On the basis of the second procedure, the length distributions of the material particles 2 in a separate layer of the OSSB panel was determined in weight percent and illustrated in the figures 6 and 7. According †o the second procedure, 60 samples were taken and evaluated by means of containers of 50 grams in the laboratory. Every 0,5 m forms one zone, of which a sample below the scattering head 1 was taken, beginning at the middle 13 to the very outer spindle 7 for material particle distribution. This separation resulted in 6 zones. The dashed curve in the diagrams of figures 6 and 7 mark up samples, which were taken crosswise from the middle to the end, while the non- dashed curve represent samples, which were taken straight from the middle to the end, wherein the deviation of both curves roughly lays in the variance of distribution.
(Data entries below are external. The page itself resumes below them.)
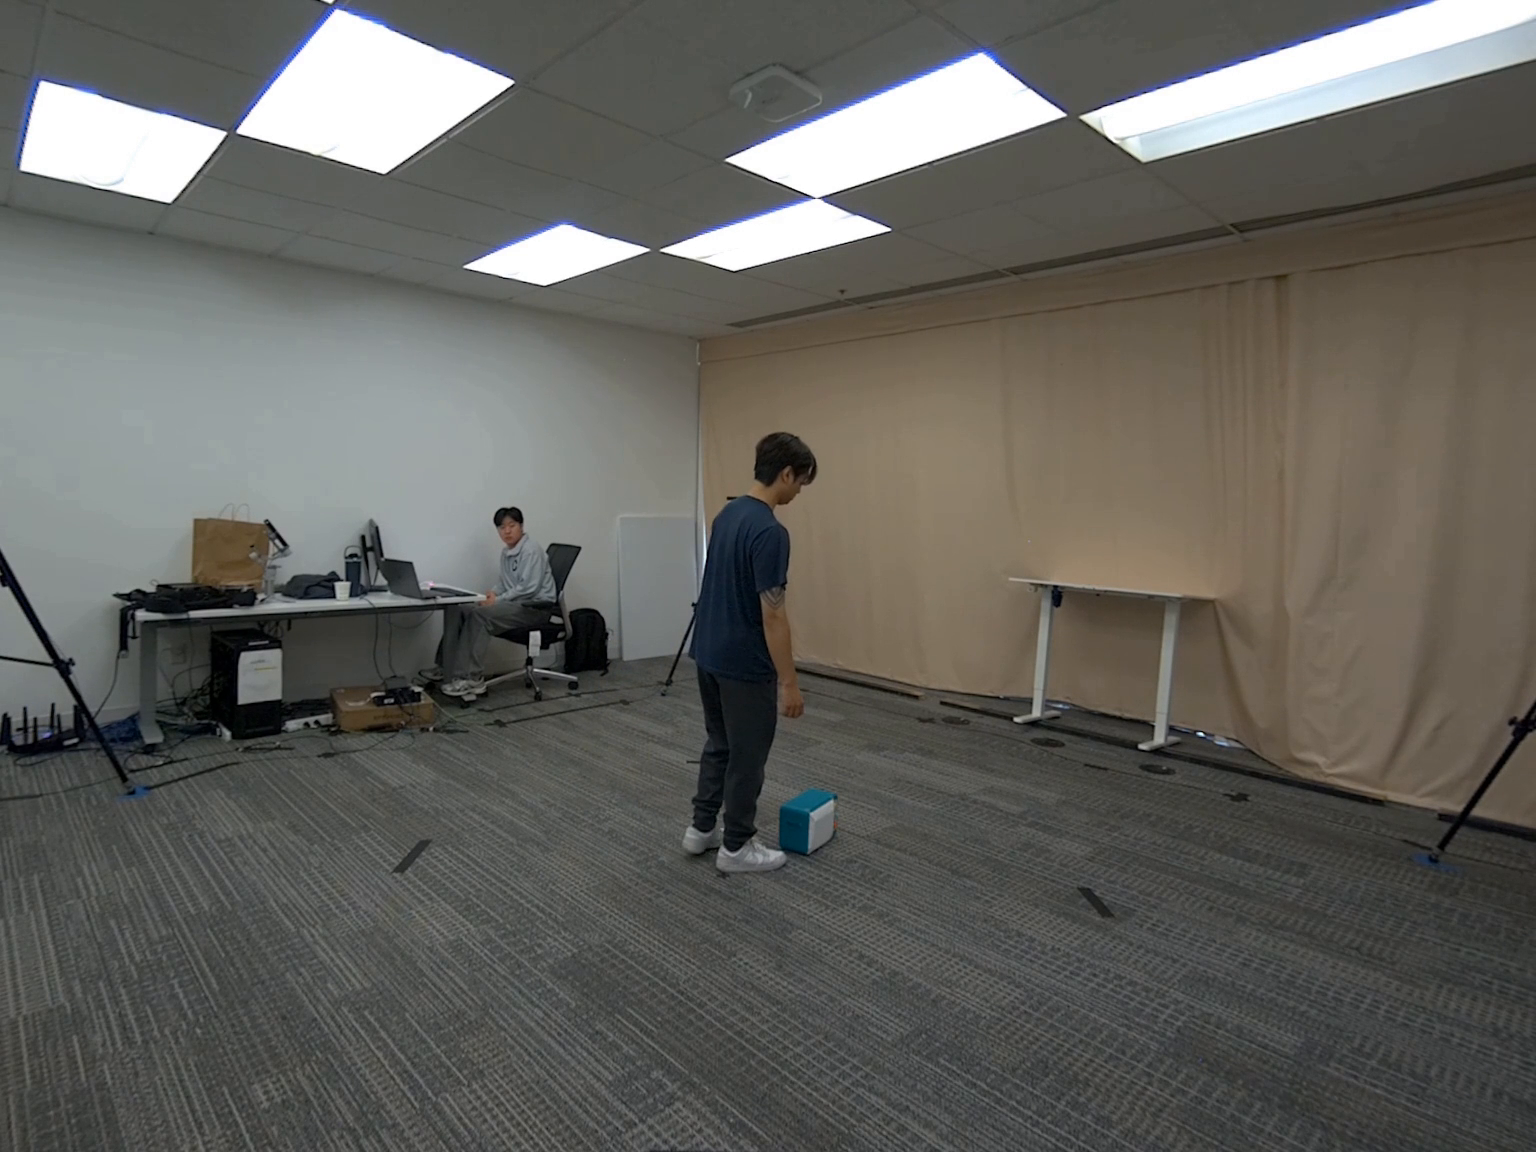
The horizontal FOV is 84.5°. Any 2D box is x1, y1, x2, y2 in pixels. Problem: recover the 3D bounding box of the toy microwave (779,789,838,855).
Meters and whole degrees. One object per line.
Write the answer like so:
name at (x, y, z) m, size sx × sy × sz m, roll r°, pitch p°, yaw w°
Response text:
toy microwave at (0.164, 0.994, 3.415) m, size 0.156 × 0.184 × 0.280 m, roll 3°, pitch 4°, yaw 32°

The material particles 2 have a continuous length distribution between > 0 (fines) to < 120 mm. Generally, it is always possible, that there are also some material particles with a length bigger than 120 mm. However, the portion is almost negligible. Thanks to the continuous length distribution, nearly all material particle lengths are represented in the above areas. Effort requiring screening processes are not necessary for to obtaining an OSSB panel with the desired mechanical properties.

Through selecting the operation configuration 11, 12 at the scattering heads 1, a multiplicity of different products can be produced without mentionable re-setups in the production line. In addition, the product properties can be further targeted influenced by the decision about activation of non, one or both distribution heads 18, by the decision about the respective material particles throughput volumes at the scattering head 1 and distribution head 18 as well as by the selection of the materials for processing in a distribution head 18.

The basic concept is generally also suitable for use in the food industry, where for example mass-produced pastry goods only differ in the layer composition related to the length distribution and thickness.

Particularly, straw also means reed. Particularly, the disk distance at centrally arranged spindles is at least 10 mm, preferably 15 mm, very preferred 18 mm, and/or at most 30 mm, preferably 25 mm, very preferred 22mm.

Particularly, there is provided a big disk distance at outwardly arranged spindles, preferably with a disk distance of at least 30 mm, preferably 35 mm, very preferred 40 mm, and/or at most 55 mm, preferably 55 mm, very preferred 45 mm.

Through providing a low disk distance at centrally arranged spindles in the above described ranges and/or a big disk distance at outwardly arranged spindles in the above described ranges, a screening effect can be enabled in a very easy way, wherein short material particles can fall in the center and long material particles can fall outwards at the scattering head on the conveyor belt. The earlier described advantageous effects can thereby further increased.

Particularly, flat shaped disks have a diameter of at least 200 mm, preferably 300 mm, very preferred 350 mm, and/or at most 600 mm, preferably 500 mm, very preferred 450 mm.

The above described disk distances and disks diameter can result in a very reliable screening effect with very long material particles in a length range of up to 120 mm and higher despite the issues described in WO0202886 in the context of long, split straw strands. Furthermore, a sort out of unwanted, rough components such as not-split nodes at one end of the scattering head is enabled.

Particularly, the disks or the flat shaped disks are made of non-ferrous materials such as aluminum. This helps to reduce weight and at the same time obtain very good damage resistance.

As an option, nevertheless also some or all disks can be provided made of a ferrous material.